DESCRIPTION OF THE TASK
Give the data again exactly, without images.

Stored dataset items
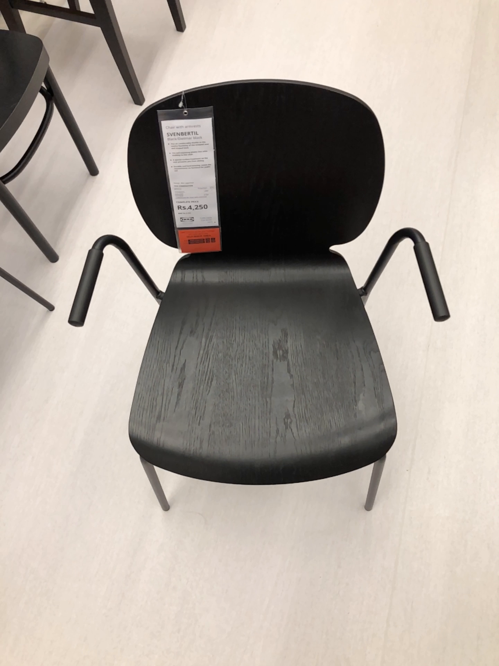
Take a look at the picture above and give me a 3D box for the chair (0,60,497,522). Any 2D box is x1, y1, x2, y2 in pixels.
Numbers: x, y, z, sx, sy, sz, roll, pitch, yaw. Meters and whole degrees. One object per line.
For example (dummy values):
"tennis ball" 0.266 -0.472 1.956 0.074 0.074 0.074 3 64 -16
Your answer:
"chair" 0.020 0.004 1.010 0.530 0.688 0.582 1 67 4

ANSWER BELOW
Take a look at the picture above and give me a 3D box for the chair (0,60,497,522). Any 2D box is x1, y1, x2, y2 in pixels.
Numbers: x, y, z, sx, sy, sz, roll, pitch, yaw. Meters and whole degrees. One object per line.
For example (dummy values):
"tennis ball" 0.266 -0.472 1.956 0.074 0.074 0.074 3 64 -16
Your answer:
"chair" 0.020 0.004 1.010 0.530 0.688 0.582 1 67 4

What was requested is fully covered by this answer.